4. The information processing method of clauses 1 to 3, wherein the method comprises identifying the target portion of the first audio content having the predetermined characteristic by analysing a waveform of the first audio content; or wherein the method comprises converting the first audio content into text and analysing the text to identify the target portion of the first audio content having the predetermined characteristic; or wherein identifying the target portion of the first audio content having the predetermined characteristic comprises use of a trained model.
5. The information processing method of clauses 1 to 4, wherein identifying the target portion of the first audio content having the predetermined characteristic comprises comparison of the first audio content with calibration data provided by a user.
6. The information processing method of clauses 1 to 5, wherein the method further comprises acquiring first image data of the user corresponding to the first audio content from an image capture device; and identifying the target portion of the first audio content having the predetermined characteristic in accordance with the first image data which has been acquired.
7. The information processing method of clauses 1 to 6, wherein the correction processing to be performed comprises at least one of: removal of at least the target portion of the first audio content, replacement of at least the target portion of the first audio content, and/or adaptation of the tempo of at least the target portion of the first audio content.
8. The information processing method of clause 7, wherein the method comprises replacing the target portion of the first audio content with synthesized audio content and/or pre-recorded audio content.
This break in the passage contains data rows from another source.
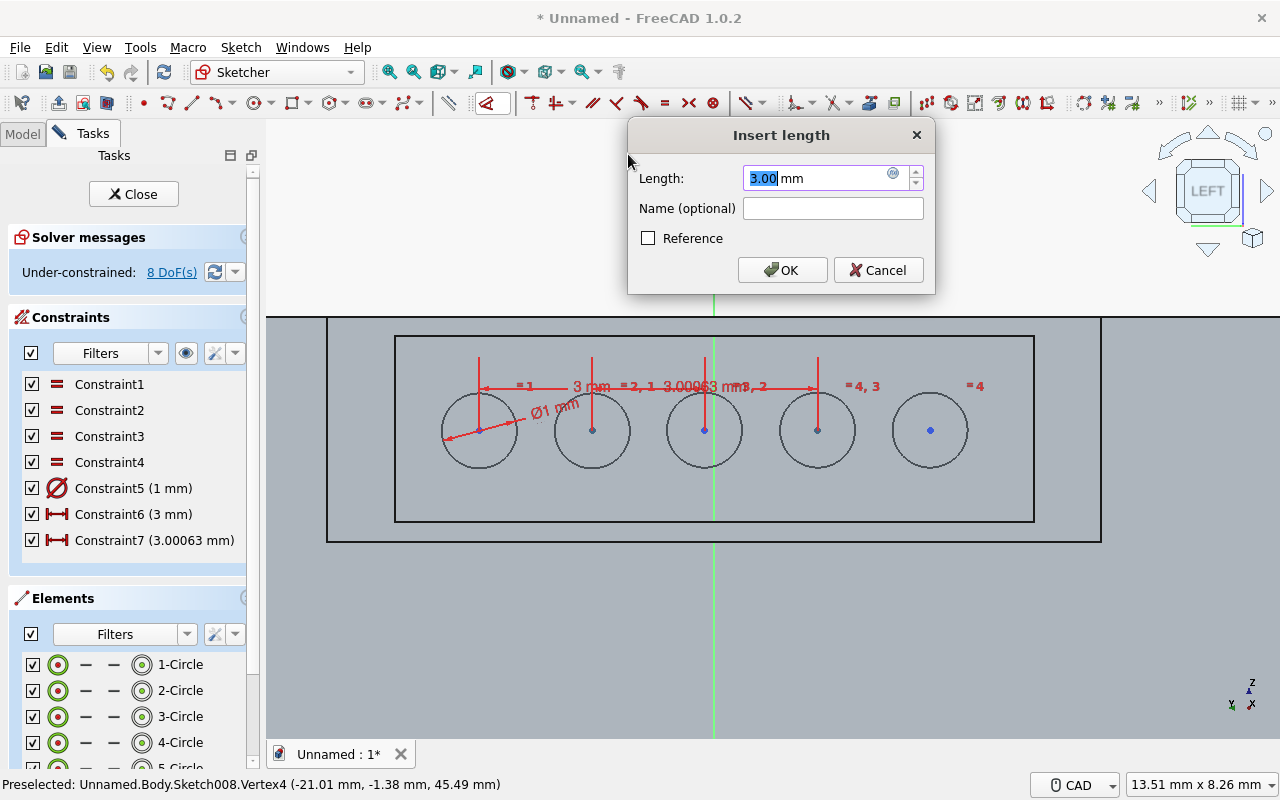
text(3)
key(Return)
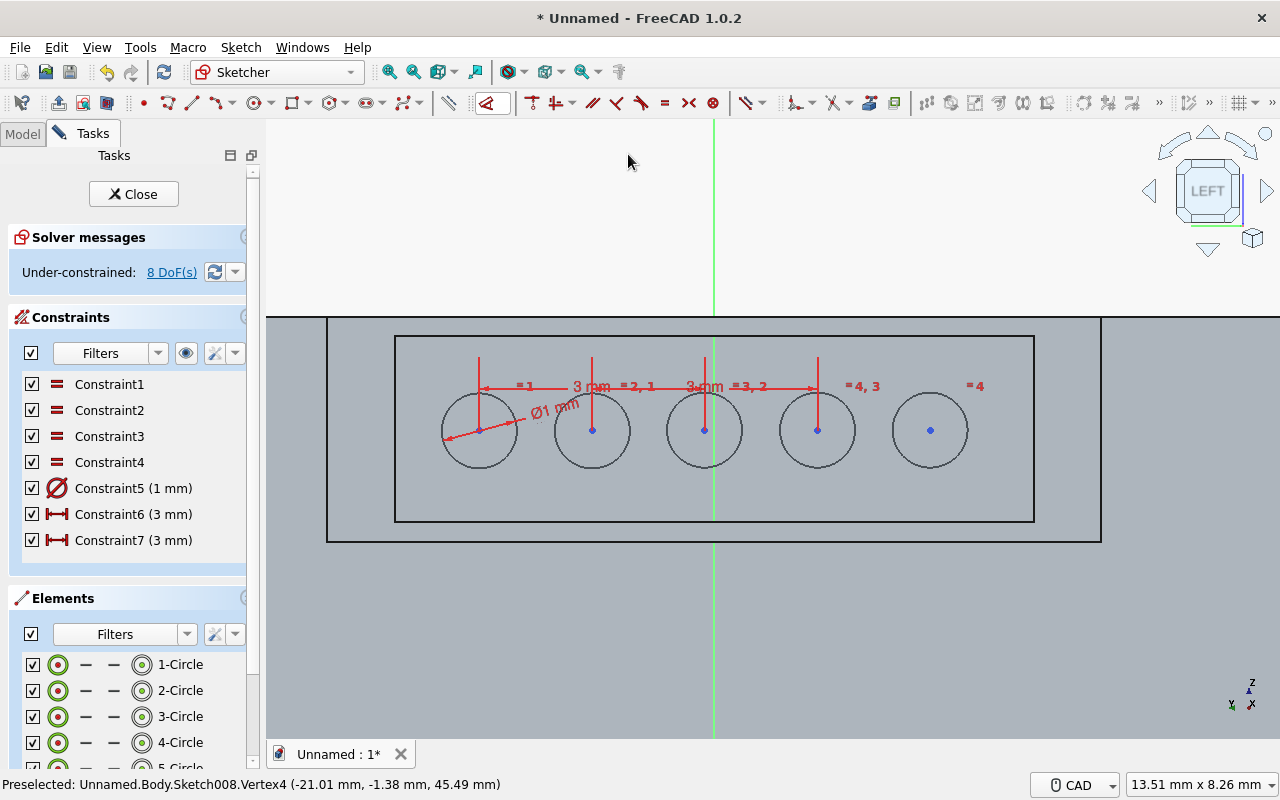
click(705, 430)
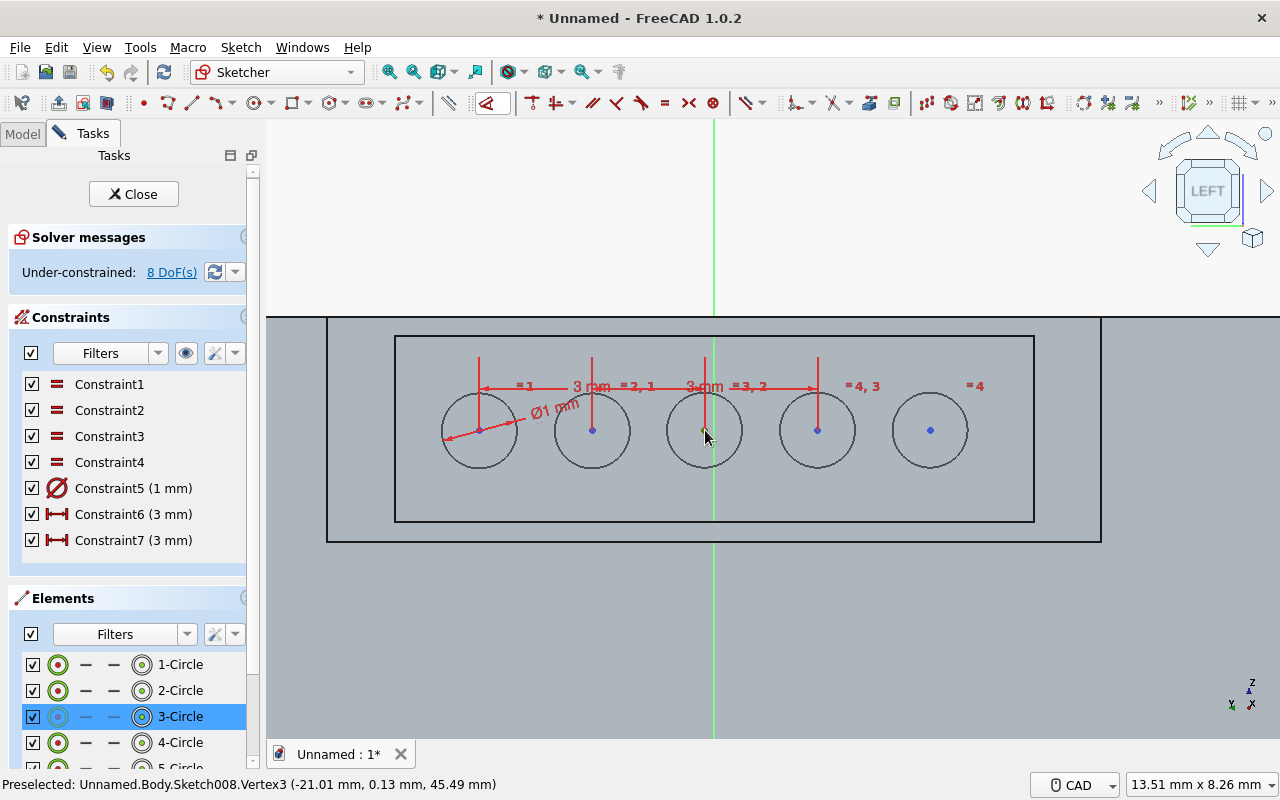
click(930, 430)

9. The information processing method of clauses 1 to 8, wherein the method comprises selecting the correction processing by comparing the predetermined characteristic of the target portion with a look-up table associating predetermined characteristics of audio content with correction processing.
10. The information processing method of clauses 1 to 9, wherein the method further comprises performing a control operation in accordance with the corrected audio content which has been generated.
11. The information processing method of clause 10, wherein the control operation includes one or more of: storing and/or transmitting the corrected audio content.
12. The information processing method of clause 10, wherein an avatar of a user is displayed and performing the control operation comprises controlling an appearance of the avatar of the user in accordance with the corrected audio content.
13. An apparatus for generating replacement audio content in which a predetermined characteristic of first audio content has been corrected, the apparatus comprising: an acquiring unit configured to acquire first audio content from an audio receiving device; an identification unit configured to identify a target portion of the first audio content having a predetermined characteristic; a selecting unit configured to select correction processing to be performed on the target portion of the first audio content in accordance with the predetermined characteristic of the target portion; and a generating unit configured to generate corrected audio content in which the target portion of the first audio content has been corrected by performing the selected correction processing on the target portion of the first audio content.
14. A computer program comprising instructions which, when implemented by the computer, cause the computer to: acquire first audio content from an audio receiving device; identify a target portion of the first audio content having a predetermined characteristic; select correction processing to be performed on the target portion of the first audio content in accordance with the predetermined characteristic of the target portion; and generate corrected audio content in which the target portion of the first audio content has been corrected by performing the selected correction processing on the target portion of the first audio content.
15. A non-transient computer readable storage medium comprising the computer program according to clause 14.